Fans of the TV show Homeland know about the diversion tactic of a highly visible, yet preventable terrorist attack that draws attention away from the bad guy's real goal of inflicting harder-to-detect, broader harm.
In the TV show, a U.S. Marine sniper who's been recruited by Middle Eastern terrorists shoots several people in the Vice President's entourage as they are about to enter CIA headquarters. The VP and top members of the National Security Council barely escape and are quickly taken to a safe room as televised chaos rages outside. Problem is, the real terror awaits inside - another double agent, a U.S. Marine who's been "turned," is waiting to blow up the room containing the VP and his staff. Since this is TV, the second double agent's undetected suicide bomb malfunctions.
What does this have to do with bank security? A group of bankers, analysts and tech professionals that we spoke with in the wake of the politically-motivated denial of service web attacks on U.S. banks this fall all fear a cybercrime equivalent of the terror scenario described above. They think the substantial denial of service attacks aimed at the largest banks are a prelude to a longer-term series of smaller malware intrusions and insider attacks against banks of all sizes - actions that are much harder to detect and stop, but capable of doing harm in the form of ID theft, data breaches and network disruptions. While it's too early to know if such a second wave is truly underway, the fear is giving ammo to providers of layered authentication, cloud-based continuity and network monitoring, who smell a spike in security spending as banks prepare to fight more sophisticated denial of service attacks as well as a related or unrelated wave of follow-up attacks.
"The attackers make a loud noise and say 'look over to the left,' and the industry allocates a lot of resources to stopping that kind of very loud and large attack in the future. And that focus on the immediate or obvious threat can weaken resources in other areas," says Jason Malo, a research director at CEB TowerGroup. "The smaller attacks are designed to hide in the network or a piece of code or an application. They don't reveal themselves easily."
So far, the denial of service attacks fit the "loud noise" part of the scenario perfectly.

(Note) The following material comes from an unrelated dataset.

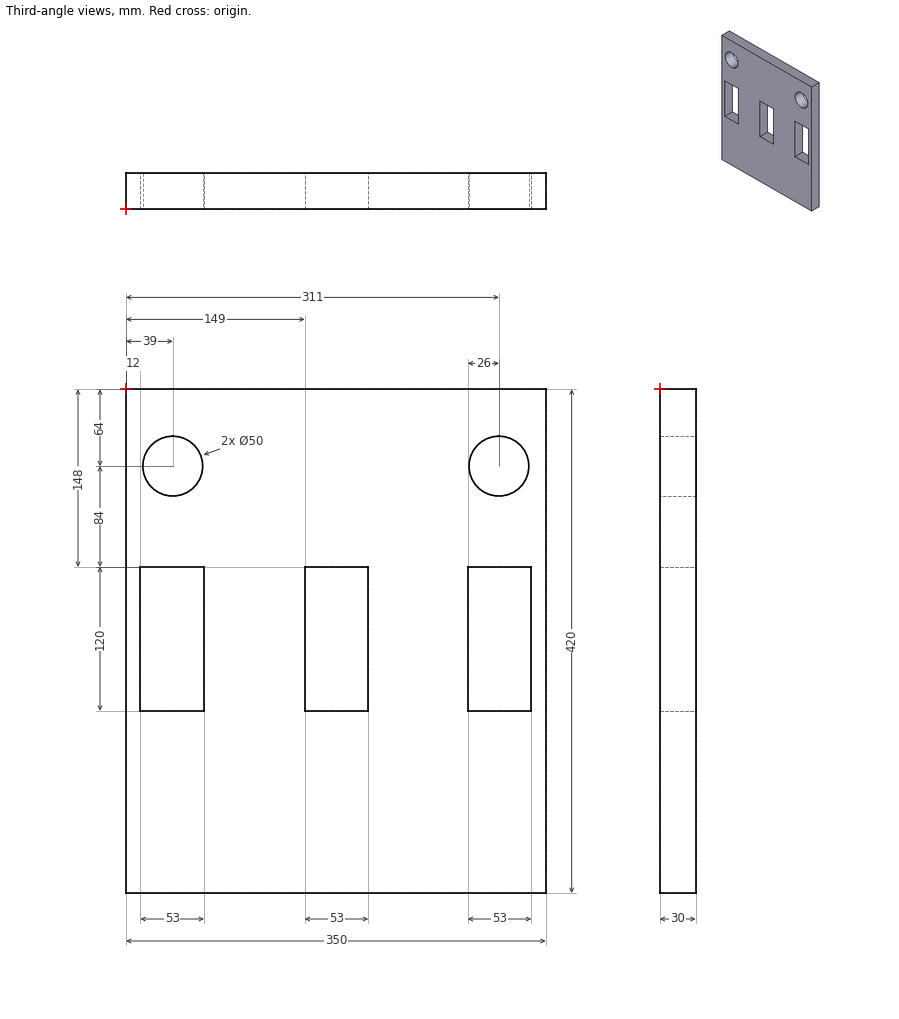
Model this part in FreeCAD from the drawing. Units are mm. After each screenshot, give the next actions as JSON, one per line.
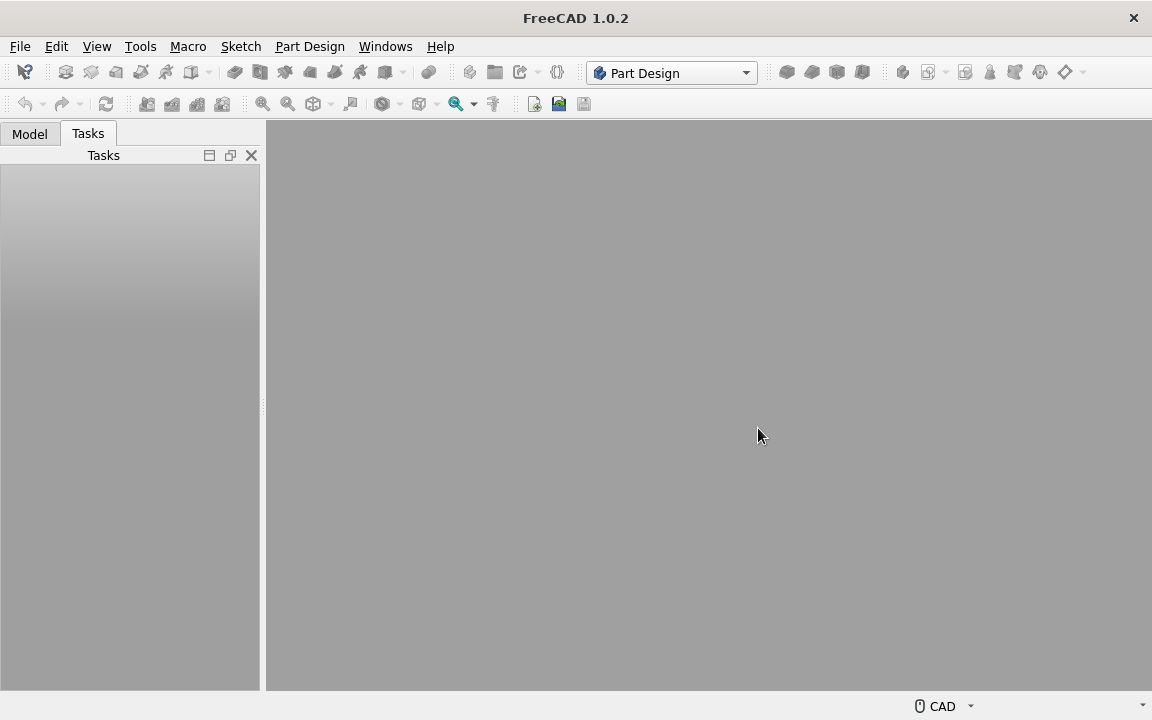
{"action": "left_click", "coordinate": [534, 104]}

During late September and early October, it was hard to look anywhere in the news without seeing some report connected to a film called "The Innocence of Muslims," which reportedly lampooned Mohammed. There's no evidence that any banks were even remotely connected to the film, but denial of service attacks nonetheless were launched against more than a half dozen banks, including Bank of America, U.S. Bancorp, SunTrust, Capital One, Regions Financial, PNC, Bank of America and Wells Fargo. These attacks, in which an organized group of crooks click on a website repeatedly to overwhelm bandwidth, cause website activity to slow down or shut down for a time. A group called the Izz ad-Din al-Quassam Cyber Fighters claimed responsibility.
The attacks drew the attention of Defense Secretary Leon Panetta, who asked Congress to give the government power to protect major facilities from cyberterrorism and suggested President Obama may order sharing of data among industry and government to mitigate web attacks.
But closer to the bank IT community, the concern is that these larger attacks will lead to smaller attacks as smaller crooks affiliated with the hacktivists or more traditional thieves look to take advantage of the diversion. As such, preventative measures for both larger and smaller attacks are being recommended.
As an example, Malo mentioned Sony, which in 2011 told Congress that it didn't notice security breaches that compromised user accounts on its PlayStation Network, Qriocity and Sony Online Entertainment because it was distracted by distributed denial of service attacks. In the Sony case, crooks exploited a system vulnerability to gain access to its network and escalate privileges inside servers while Sony's security team was focused on combating the DDOS attacks.
"You have to consider when something like this happens, the first thing you do is make sure [the big attack] is not masking some other types of behaviors," says Curtis Anderson, an information security analyst at TCF Bank.
Anderson would not discuss his bank's hacking prevention strategy in specifics, but says there are emerging, hosted web security systems that monitor web traffic for suspicious spikes in activity and other red flags, and divert unusual activity or access outside of the bank's network for investigation.
Malo suggests virtualization of core systems, which some banks are starting to incorporate in their business continuity plans by making virtual copies of servers that run core systems, can be useful in reducing the impact of denial of service attacks.